Pour glisser sur l’aspect du dessin du background, il est très stylisé ("Piranesi" & "Giger" notamment), parfois presque épuré mais étonnamment, il garde en son sein des détails cruciaux pour se figurer compréhensiblement les séquences/actions dans leurs entièretés. Il n’est pas aussi chargé que ceux du Maître Shirow - ce qui était parfois franchement illisible. Les cases d’ailleurs sont découpées de manière claire et nette, plan-par-plan.


On apprécie aussi le côté "Mad Maxien" du personnage, voire carrément de l’œuvre entière. Puisque d’une part, l’histoire semble se passer après une catastrophe d’ampleur planétaire où l’Homme (et dérivés) semble être retourné à ses plus bas instincts. Mais d’autre part, par le caractère plutôt mutique du personnage principal, Killee. La palette des autres personnages d’ailleurs ne verse pas pour autant dans le prolixe, loin de là. De manière plus générale on a l’impression que T.Nihei laisse au lecteur le soin d’interpréter les actes et les désidératas de ses personnages. Déroutant et en même temps fascinant.

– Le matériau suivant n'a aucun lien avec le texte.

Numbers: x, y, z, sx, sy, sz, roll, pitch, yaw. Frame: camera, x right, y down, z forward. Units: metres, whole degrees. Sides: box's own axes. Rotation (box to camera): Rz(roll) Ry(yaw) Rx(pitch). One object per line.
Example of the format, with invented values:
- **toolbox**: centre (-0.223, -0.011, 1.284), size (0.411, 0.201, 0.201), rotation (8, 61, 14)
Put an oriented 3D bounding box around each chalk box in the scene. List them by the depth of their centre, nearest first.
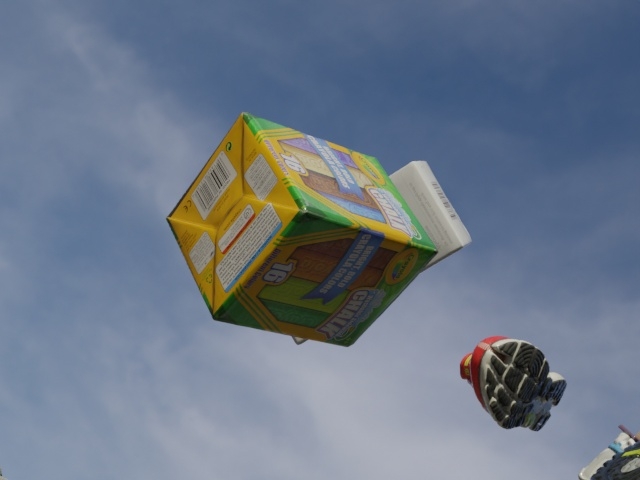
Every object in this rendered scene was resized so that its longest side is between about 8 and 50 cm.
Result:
- **chalk box**: centre (0.000, 0.000, 0.982), size (0.132, 0.213, 0.132), rotation (-51, -133, 24)

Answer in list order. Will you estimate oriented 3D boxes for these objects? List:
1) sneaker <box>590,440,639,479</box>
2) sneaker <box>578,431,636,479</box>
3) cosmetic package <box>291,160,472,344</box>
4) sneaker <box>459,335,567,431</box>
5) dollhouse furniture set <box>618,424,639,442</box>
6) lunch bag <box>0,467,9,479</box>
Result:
- **sneaker**: centre (0.393, 0.222, 1.011), size (0.145, 0.385, 0.147), rotation (-30, -107, 50)
- **sneaker**: centre (0.321, 0.287, 1.093), size (0.190, 0.083, 0.071), rotation (59, 7, 33)
- **cosmetic package**: centre (0.048, 0.014, 1.307), size (0.231, 0.085, 0.117), rotation (-31, -95, 15)
- **sneaker**: centre (0.227, 0.181, 1.449), size (0.118, 0.107, 0.279), rotation (26, -8, 29)
- **dollhouse furniture set**: centre (0.497, 0.281, 1.563), size (0.091, 0.081, 0.114), rotation (43, 1, -33)
- **lunch bag**: centre (-0.211, 0.268, 0.465), size (0.256, 0.305, 0.212), rotation (-29, -36, 10)

"Blame!" a ce côté dessin intrigant mêlant la chair et la machine, qui est vraiment stupéfiant. Les scènes d’action montrent allègrement le gore le plus sanglant et avec moult détails, sans pour autant verser dans la débauche gratuite d’hémoglobine (n’est-ce pas "Hellsing"?). En fait, c’est toujours à-propos et justifié. Les cases sont cohérentes à la bonne compréhension de ce qu’il se passe, on l’a déjà évoqué.

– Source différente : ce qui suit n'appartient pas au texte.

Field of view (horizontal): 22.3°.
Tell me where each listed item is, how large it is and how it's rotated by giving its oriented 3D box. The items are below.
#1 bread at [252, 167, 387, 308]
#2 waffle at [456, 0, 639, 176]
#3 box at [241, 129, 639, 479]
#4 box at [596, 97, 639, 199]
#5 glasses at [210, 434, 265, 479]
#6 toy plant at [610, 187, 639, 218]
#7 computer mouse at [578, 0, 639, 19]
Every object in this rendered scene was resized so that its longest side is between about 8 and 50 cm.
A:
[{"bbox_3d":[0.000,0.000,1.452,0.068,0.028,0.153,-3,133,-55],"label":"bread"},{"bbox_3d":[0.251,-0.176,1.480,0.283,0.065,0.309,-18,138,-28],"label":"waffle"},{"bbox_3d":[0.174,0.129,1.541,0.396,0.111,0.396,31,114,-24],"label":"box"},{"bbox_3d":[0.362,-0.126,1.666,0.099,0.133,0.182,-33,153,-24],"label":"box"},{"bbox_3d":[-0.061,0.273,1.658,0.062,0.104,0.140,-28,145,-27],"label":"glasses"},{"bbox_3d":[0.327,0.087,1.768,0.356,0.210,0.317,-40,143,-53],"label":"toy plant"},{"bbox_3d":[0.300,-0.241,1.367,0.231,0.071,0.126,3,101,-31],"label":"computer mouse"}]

On y verra aussi des relents évidents à "Akira", mais surtout à l'oeuvre de D.Cronenberg avec ce jeu constant chair/métal des êtres mi-machines, mi-organiques. D’aucuns y voient d’ailleurs l’ombre Lovecraftienne planer au-dessus du manga. Il est vrai qu’il y a une drôle d’ambiance quasi-horrifique qu’on pourrait peut-être qualifier abusivement de "Dark Fantasy". Personnellement j’y vois davantage la patte de D.Lynch avec plutôt un côté très Eraserhead par moment. Le manga est à la croisée de multiples inspirations de hautes volées, difficile vraiment de le rentrer dans une seule et unique case, tant il explore volontiers les références et se jouent de nos acquis. On peut ainsi y voir tantôt "Alien", lors de certains plans qui dépeignent une architecture gigantesque et organique, tantôt "Stalker" avec une étrange faune machinorganique et autres anomalies. De manière plus générale, il règne et plane au-dessus de "Blame!" une pure ambiance cyberpunk et crépusculaire à vous glacer le sang, un peu comme dans l’intrigant animé "Ergo Proxy" (2006). Enfin, on peut évoquer également l'animé "Serial Experimental Lain" (1998) avec le parallèle évident entre la "Résophère" et le "Wired".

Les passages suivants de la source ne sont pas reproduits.